In Jeremiah 29 there contains an important historical letter that the prophet Jeremiah wrote to those taken into captivity. In it we can absorb much of what is needful for the moment. For people caught in Babylon it becomes a vital document, advising them of what they should now do.

This list comes straight out of Jeremiah 29.

  • First, prepare for the long haul. Be good citizens of your new land, (vv.5-6.)
  • Second, pray for the peace of the nation you’re captive in. (v.7.)
  • Third, don’t be fooled by it’s culture, Discern what is true and what is false. Babylon is full of false gods and worship.
  • Fourth, remember that God has given you “a future and a hope” (v. 11.)
  • Lastly, extend that same discernment to the spiritual understanding of your own past.

These five should be enough to navigate faithfully through hard times in Babylon. We must admit that we’re only “pilgrims and strangers” here. Our citizenship is in heaven where it is secure. By faith we understand this.

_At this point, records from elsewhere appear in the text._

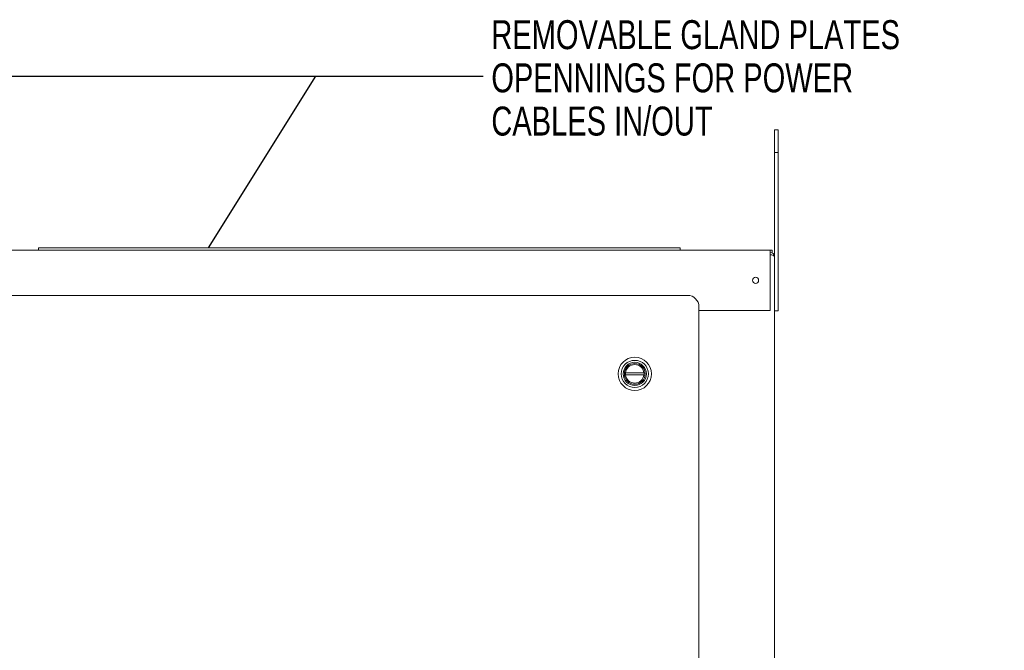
# Model space of a CAD drawing. Header units: inches. Extents: x 1390 to 5322, y 201 to 2979.
# Tile 82 of 85: x 3662 to 4490, y 2448 to 2979. Entities that reach past the tile are written whole.
import ezdxf

# ---------------------------------------------------------------- set-up
doc = ezdxf.new("R2010")
doc.units = ezdxf.units.IN
doc.header["$MEASUREMENT"] = 0
doc.styles.add('SLDTEXTSTYLE0', font='TXT', dxfattribs={"width": 0.75})

msp = doc.modelspace()

# ---------------------------------------------------------------- linework, layer by layer
for p, q in [((3593.49, 2931.61), (4051.79, 2931.61)), ((3820.69, 2787.12), (3910.99, 2931.61))]:
    msp.add_line(p, q)
at = {"color": 7, "linetype": 'Continuous', "lineweight": 15}
for p, q in [((4296.94, 2867.47), (4296.94, 2886.52)), ((4296.94, 2886.52), (4299.98, 2886.52)), ((4299.98, 2867.47), (4299.98, 2886.52)), ((4296.94, 2867.47), (4299.98, 2867.47)), ((4296.94, 2779.65), (4296.94, 2867.47)), ((4299.98, 2734.12), (4299.98, 2867.47)), ((3284.63, 2785.22), (4293.26, 2785.22)), ((3677.82, 2787.12), (3677.82, 2785.22)), ((4217.57, 2787.12), (3677.82, 2787.12)), ((4217.57, 2787.12), (4217.57, 2785.22)), ((4293.26, 2785.22), (4293.26, 2781.55)), ((4295.04, 2785.2), (4293.26, 2785.2)), ((4295.04, 2782.86), (4295.04, 2785.2)), ((4293.27, 2783.32), (4293.26, 2783.32)), ((4293.26, 2781.55), (4293.26, 2734.4)), ((4293.26, 2781.43), (4293.27, 2781.43)), ((4293.27, 2781.25), (4293.26, 2781.25)), ((4296.94, 2779.65), (4296.94, 782.29)), ((4223.92, 2747.1), (3306.34, 2747.1)), ((4233.44, 2734.4), (4233.44, 2737.58)), ((4233.44, 2734.4), (4233.44, 918.3)), ((4293.26, 2734.4), (4233.44, 2734.4)), ((4296.94, 2734.12), (4299.98, 2734.12)), ((4187.22, 2681.89), (4171.72, 2681.89)), ((4171.72, 2680.09), (4187.22, 2680.09))]:
    msp.add_line(p, q, dxfattribs=at)
at = {"color": 7, "linetype": 'Continuous', "lineweight": 15, "flags": 128}
for points in [[(4293.27, 2781.43), (4294.03, 2781.25), (4294.08, 2781.22)], [(4296.94, 2779.65), (4296.85, 2780.05), (4296.6, 2780.37), (4296.39, 2780.55), (4296.17, 2780.7), (4295.94, 2780.82), (4295.43, 2781), (4294.8, 2781.14), (4294.08, 2781.22), (4293.27, 2781.25)]]:
    msp.add_lwpolyline(points, dxfattribs=at)
at = {"color": 7, "linetype": 'Continuous', "lineweight": 15}
for centre, radius in [((4281.07, 2759.82), 2.58), ((4179.47, 2680.99), 14), ((4179.47, 2680.99), 11.4), ((4179.47, 2680.99), 9.75), ((4179.47, 2680.99), 8.75)]:
    msp.add_circle(centre, radius, dxfattribs=at)
for centre, radius, start, end in [((4293.27, 2779.65), 3.68, 360, 90), ((4223.92, 2737.58), 9.52, 0, 90), ((4179.47, 2680.99), 7.8, 6.62581, 173.37419), ((4179.47, 2680.99), 7.8, 173.37419, 186.62581), ((4179.47, 2680.99), 7.8, 186.62581, 353.37419), ((4179.47, 2680.99), 7.8, 353.37419, 6.62581)]:
    msp.add_arc(centre, radius, start, end, dxfattribs=at)

# ---------------------------------------------------------------- texts
at = {"color": 0, "char_height": 24.384, "attachment_point": 1, "style": 'SLDTEXTSTYLE0'}
for s, insert in [('{REMOVABLE GLAND PLATES}', (4058.78, 2978.88)), ('{OPENNINGS FOR POWER}', (4058.78, 2942.5)), ('{CABLES IN/OUT}', (4058.78, 2906.12))]:
    msp.add_mtext(s, dxfattribs=dict(at, insert=insert))

doc.saveas('drawing.dxf')

As broken believers we are supervised by the Holy Spirit, even in this difficult place, Our souls are shepherded by God, even in Babylon. Our “captivity” is only temporary– it is not a permanent one.

“And you will seek Me and find Me, when you search for Me with all your heart.”

Jeremiah 29:13, NKJV

“By the rivers of Babylon, There we sat down, yea, we wept When we remembered Zion.”

Psalm 137:1

“She who is in Babylon, elect together with you, greets you; and so does Mark my son.”

1 Peter 5:13

‘Alas, alas, that great city Babylon, that mighty city! For in one hour your judgment has come.’